Notice Period for Employees who Have Worked Less than One Year

Employment law has been criticized in Ontario for producing inconsistent case law in situations of termination without cause where the employee has worked for one year or less. In such situations, despite the brief employment period, terminated employees have found themselves getting a notice period that at times approaches or, on rare occasions, even surpasses their length of service. This article discusses how the courts determine the appropriate notice period in these circumstances and illustrates this analysis with a recent case out of the Ontario Superior Court of Justice: Grimaldi v. CF+D Custom Fireplace Design Inc., 2023 ONSC 6708.

Factors Determining Common Law Notice

The notice period is how much notice an employee is entitled to for the termination of their employment under common law. A court’s analysis in determining the reasonable notice period begins by applying this test, which is known as the Bardal factors:

  1. the character of the employment;
  2. the length of service of the employee;
  3. the age of the employee; and
  4. the availability of similar employment, with regard to the employee’s experience, training, and qualifications.

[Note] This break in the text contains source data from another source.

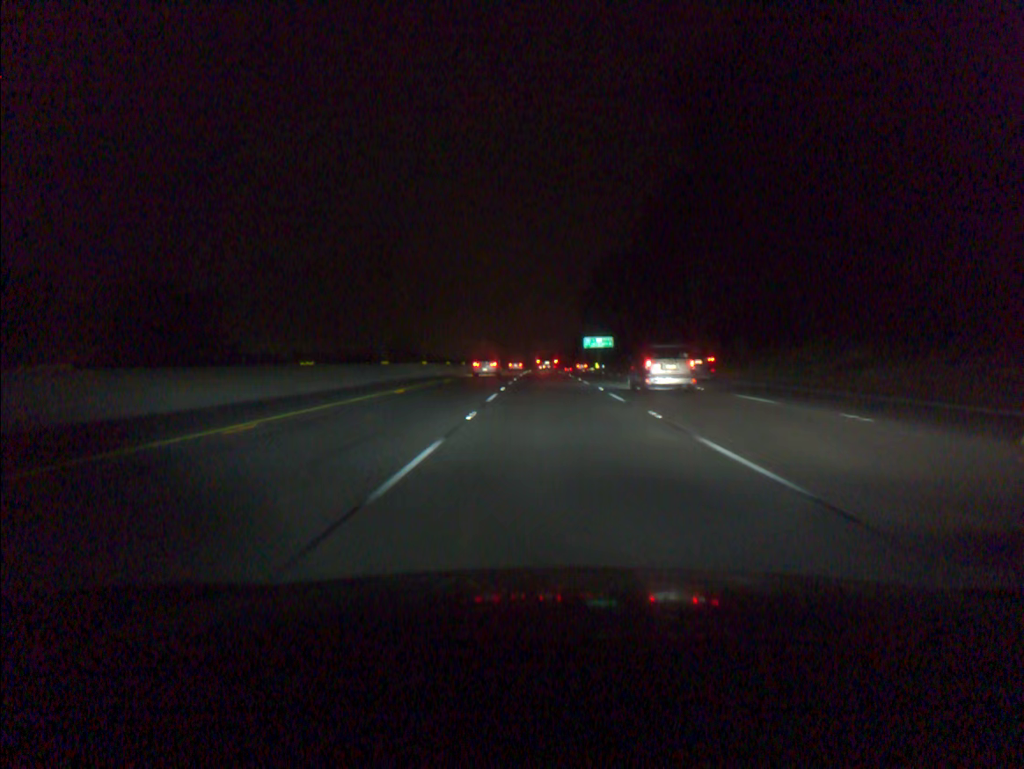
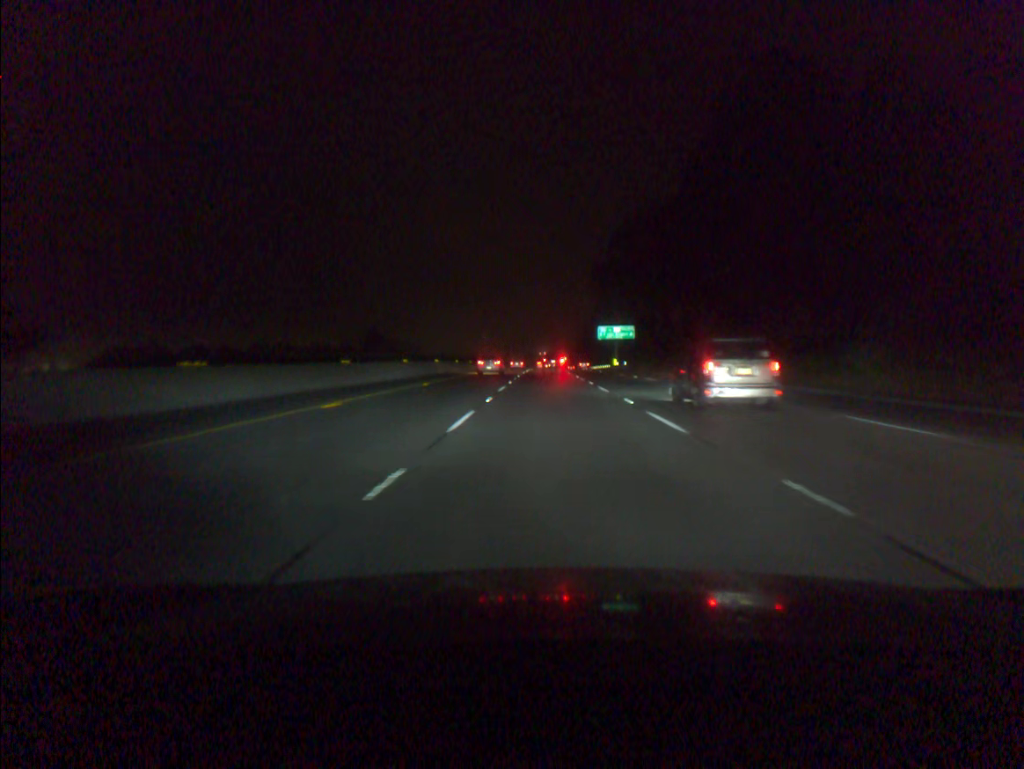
(0.0, +38.0) m; 0°
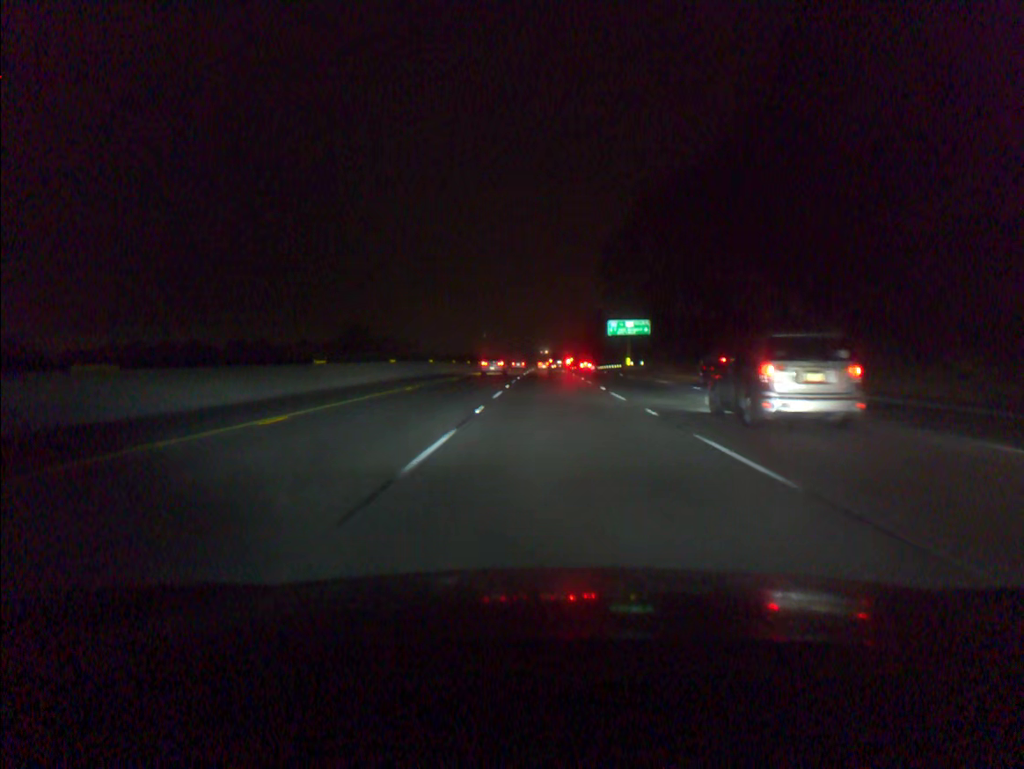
(0.0, +19.0) m; 0°
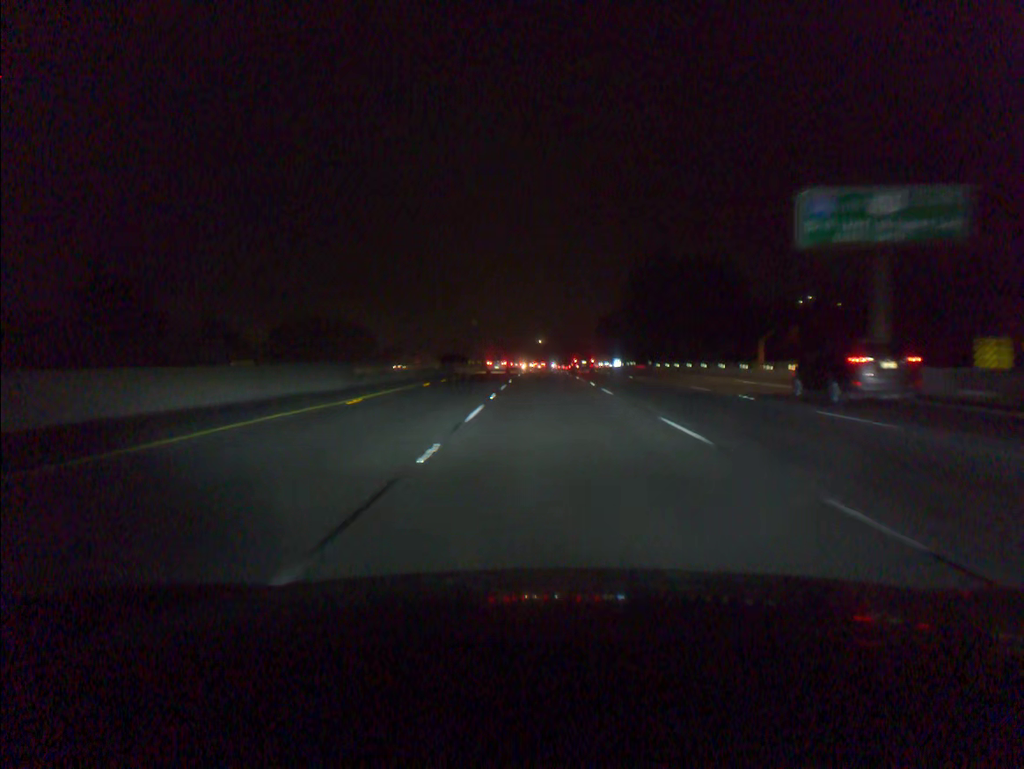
(+0.2, +95.9) m; 0°
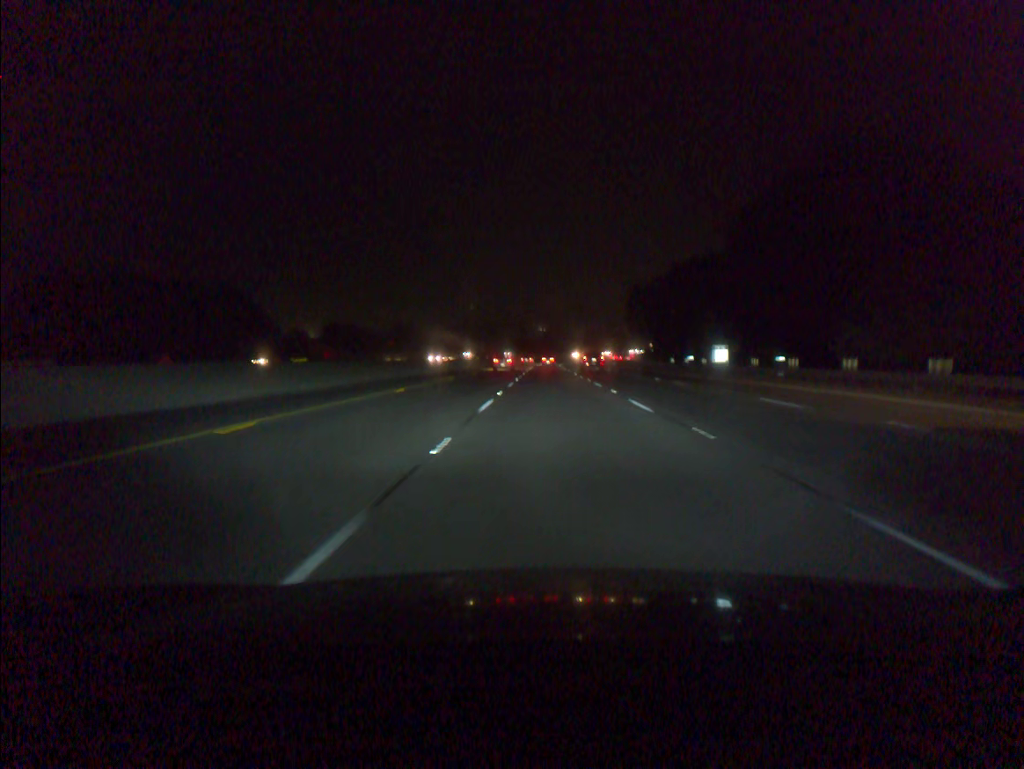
(-0.3, +96.5) m; 0°
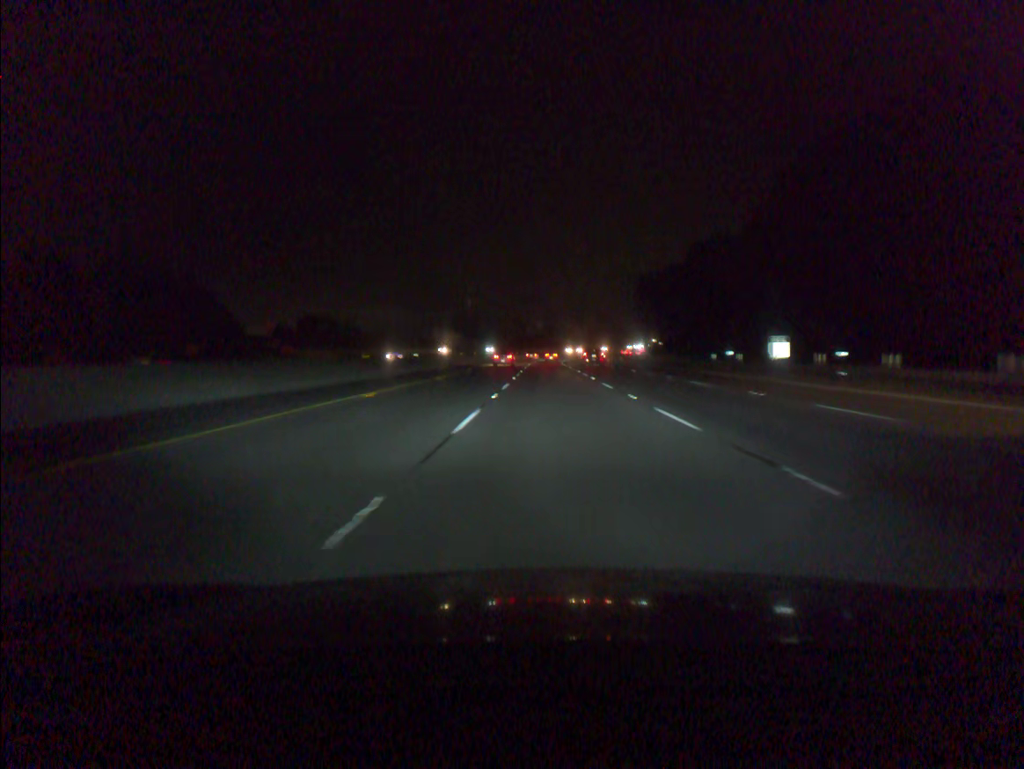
(0.0, +19.3) m; 0°

These factors are non-exhaustive. The court will consider anything it determines to be relevant, such as the impact of the COVID-19 pandemic on availability of similar employment, termination while the person is on maternity leave, etc. This is why a strict formula is inappropriate to determine an employee’s fair notice period: the factors that are considered might be different in different cases, and are endlessly variable. The key principle courts follow is that the Employment Standards Act[1] is law that is intended to protect the interests of employees. This is because employees traditionally have less bargaining power than their employer.[2] Thus, where an employment contract can be interpreted in multiple different ways, the courts will “prefer the interpretation that gives the greater benefit to the employee.”[3]

Grimaldi v. CF+D Custom Fireplace Design Inc., 2023 ONSC 6708

A recent case from the Ontario Superior Court of Justice shows how these factors can be applied to a case involving termination with under one year of service: Grimaldi v. CF+D Custom Fireplace Design Inc. Applying the Bardal factors, the Court found the following:

  1. Character of employment: the employee, Mr. Grimaldi, was a senior project manager and reported directly to the owner of the company. He supervised five to seven employees and was the highest paid employee at the time. This senior, supervisory position suggested a longer notice period.
  2. Length of Service: Grimaldi was terminated after he had been employed for four months and 23 days. This short tenure suggested a shorter notice period.
  3. Age: Grimaldi was 50 years old when he was terminated. This higher age suggested a longer notice period.
  4. Availability of Similar Employment: Despite his best efforts, Mr. Grimaldi had trouble getting employment for a year following his termination. The Court found that he was also in a specialized position for which it is difficult to find comparable employment. Further, the short employment term likely made it more challenging for Mr. Grimaldi to obtain alternate employment. These elements suggested a longer notice period.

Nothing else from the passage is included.